1. Generate 64 random private key bytes privateKey = random(64)
2. Generate the associated scalar x: x = decodeScalar(privateKey[0:32])
3. Generate public key CurvePoint: h = g*x
4. Encode public key: publicKey = encodePoint(h)
5. Create first part of a signature: k = decodeScalar(hash(privateKey[32:64] . m)) a = g*k signature[0:32] = encodePoint(a)
6. Create second part of a signature: f(a,h,m) = decodeScalar(hash(signature[0:32] . publicKey . m)) b = mod(k + f(a,h,m)*x) signature[32:64] = encodeScalar(b)
7. Verify a signature: a = decodePoint(signature[0:32]) b = decodeScalar(signature[32:64]) h = decodePoint(publicKey) f(a,h,m) = decodeScalar(hash(signature[0:32] . publicKey . m)) gb === a + hf(a,h,m)

We can show that this works by substituting the private calculations done upon signing (the arithmatic takes care of the mod() operator): g*(k + f(a,h,m)x) === gk + hf(a,h,m) gk + gxf(a,h,m) === gk + hf(a,h,m)
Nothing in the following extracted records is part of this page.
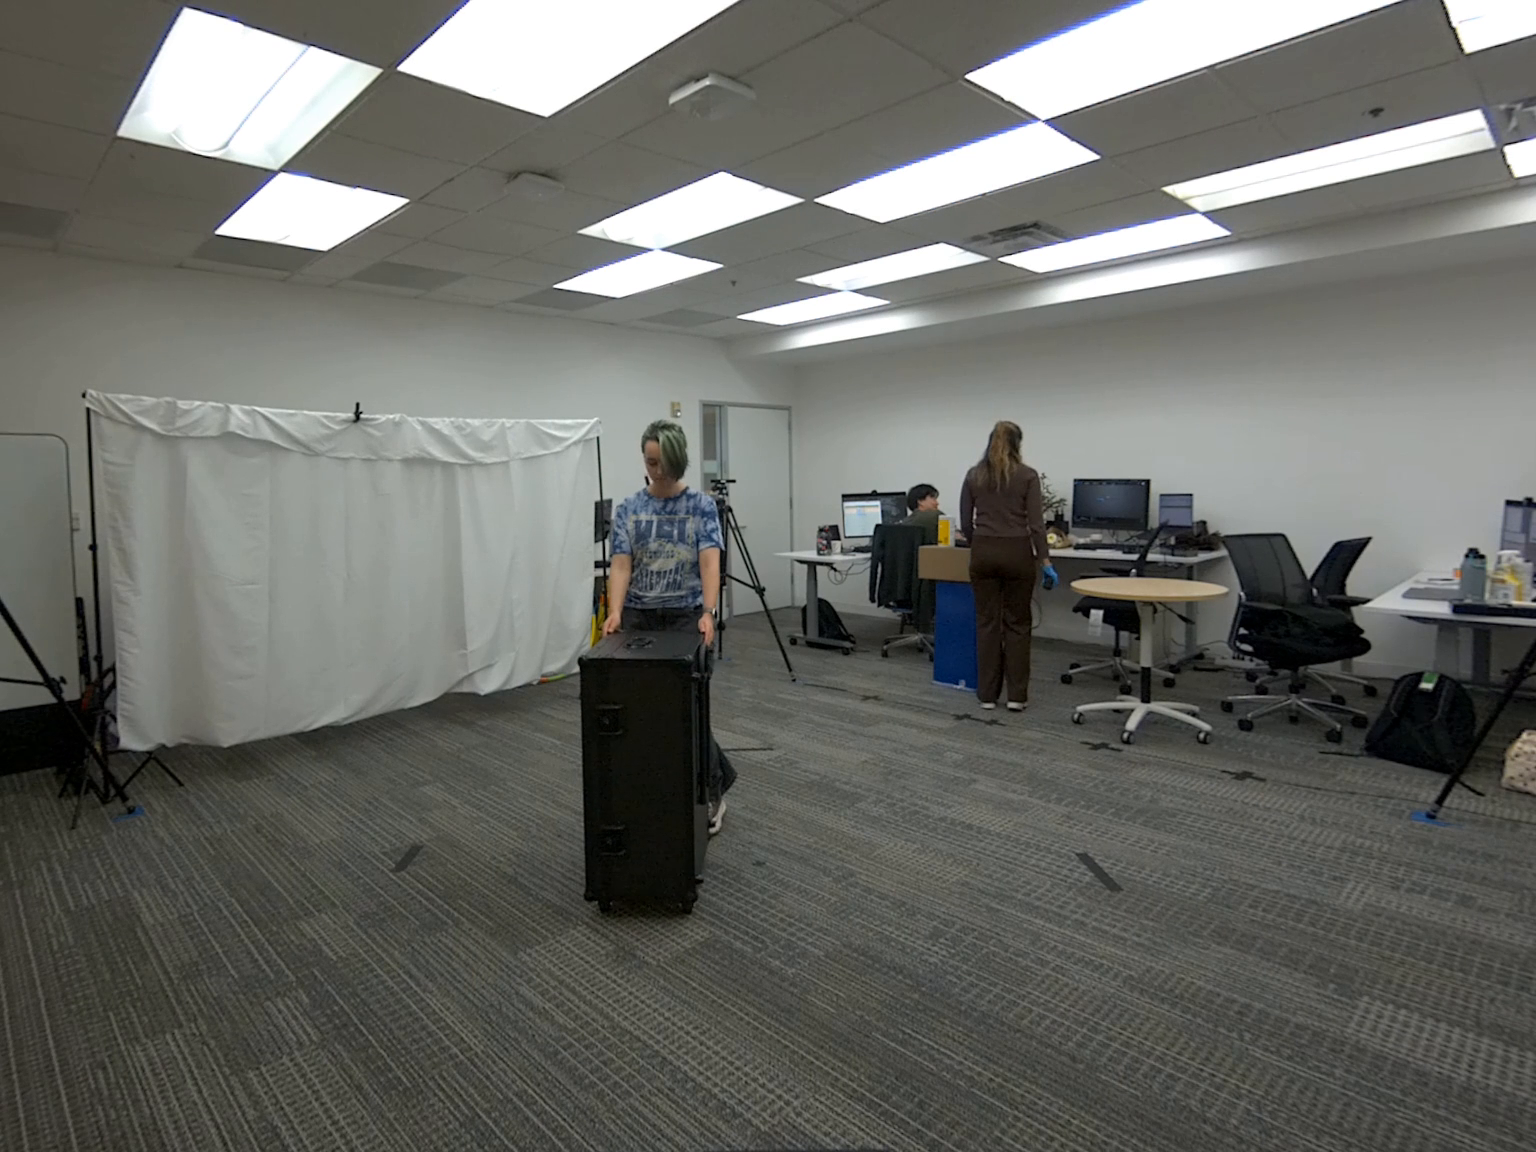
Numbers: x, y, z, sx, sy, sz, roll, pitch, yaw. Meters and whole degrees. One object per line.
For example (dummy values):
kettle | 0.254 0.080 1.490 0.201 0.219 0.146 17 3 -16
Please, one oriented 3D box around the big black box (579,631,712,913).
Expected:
big black box | -0.396 0.660 2.912 0.398 0.858 0.521 0 4 4
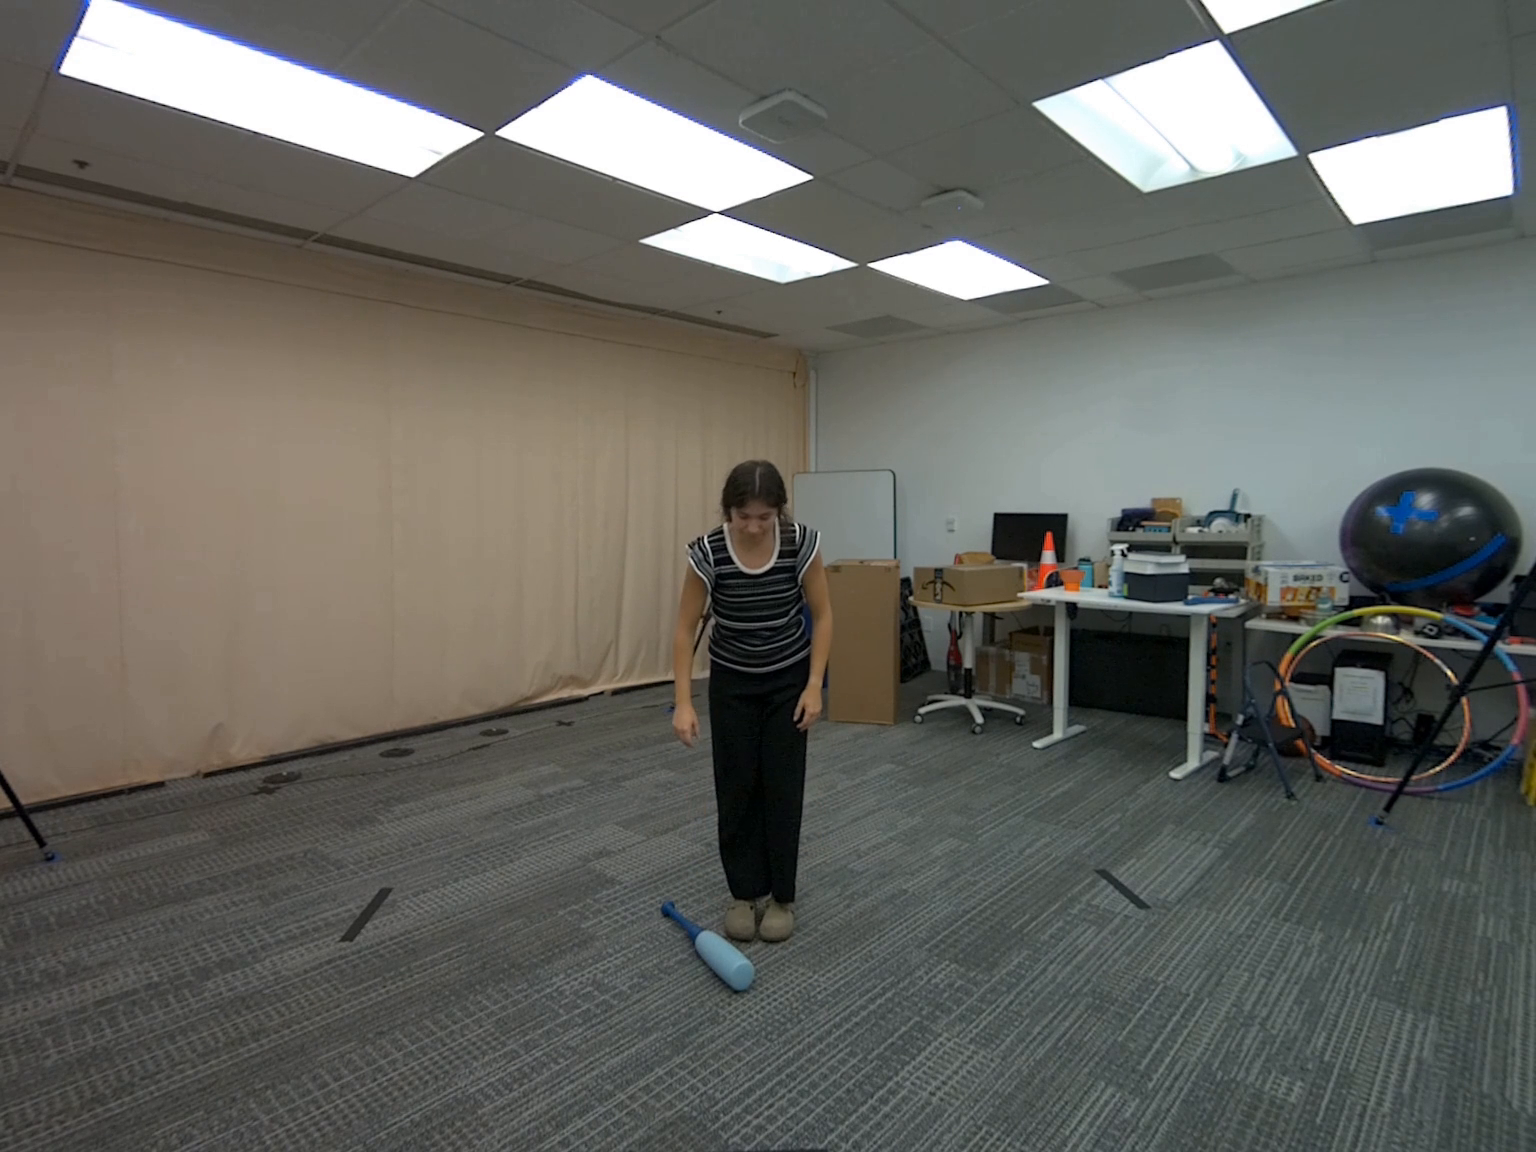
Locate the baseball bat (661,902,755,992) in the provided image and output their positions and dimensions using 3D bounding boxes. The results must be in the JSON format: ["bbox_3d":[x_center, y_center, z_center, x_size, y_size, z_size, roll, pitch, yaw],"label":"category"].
[{"bbox_3d":[-0.205,1.141,2.628,0.087,0.089,0.557,-2,1,-29],"label":"baseball bat"}]

We know that g*x == h, QED.

The arithmatic details are handled by the CurvePoint class

export interface EdDSA {
  derivePublicKey(
    privateKeyBytes: number[],
    hashPrivateKey: boolean
  ): number[]
  sign(
    message: number[],
    privateKeyBytes: number[],
    hashPrivateKey: boolean
  ): number[]
  verify(
    signature: number[],
    message: number[],
    publicKey: number[]
  ): boolean
}

Properties

derivePublicKey

edDSA.derivePublicKey satisfies (
  privateKeyBytes: number[],
  hashPrivateKey: boolean
) => number[]

sign

edDSA.sign satisfies (
  message: number[],
  privateKeyBytes: number[],
  hashPrivateKey: boolean
) => number[]

verify

edDSA.verify satisfies (
  signature: number[],
  message: number[],
  publicKey: number[]
) => boolean